START Data supplied

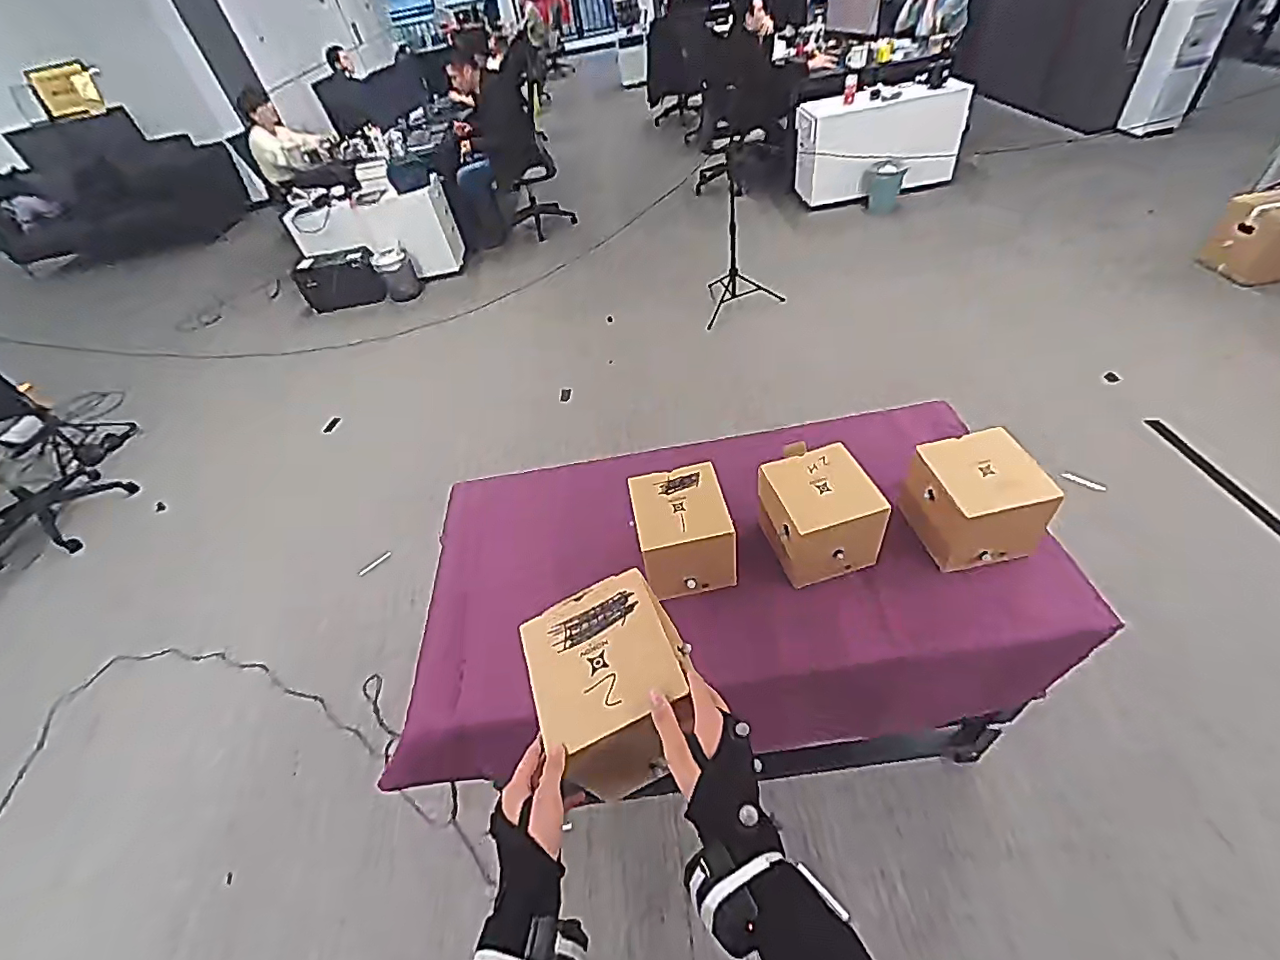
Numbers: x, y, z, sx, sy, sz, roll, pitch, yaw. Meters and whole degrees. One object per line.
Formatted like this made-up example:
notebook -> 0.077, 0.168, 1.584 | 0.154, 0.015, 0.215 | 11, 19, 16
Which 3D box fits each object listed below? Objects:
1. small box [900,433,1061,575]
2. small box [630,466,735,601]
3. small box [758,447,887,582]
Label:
small box -> 0.602, 0.045, 0.988 | 0.168, 0.176, 0.179 | -12, 45, 1
small box -> 0.081, 0.103, 1.036 | 0.168, 0.176, 0.179 | -12, 46, 0
small box -> 0.332, 0.071, 1.016 | 0.168, 0.176, 0.179 | -15, 45, -4

END Data supplied

**Exercise details**
Pictures are to be left out; the lines from the start of the records above through the line holding "3. small box [758,447,887,582]" are to be returned exactly.

**Exercise result**
Numbers: x, y, z, sx, sy, sz, roll, pitch, yaw. Meters and whole degrees. One object per line.
Formatted like this made-up example:
notebook -> 0.077, 0.168, 1.584 | 0.154, 0.015, 0.215 | 11, 19, 16
Which 3D box fits each object listed below? Objects:
1. small box [900,433,1061,575]
2. small box [630,466,735,601]
3. small box [758,447,887,582]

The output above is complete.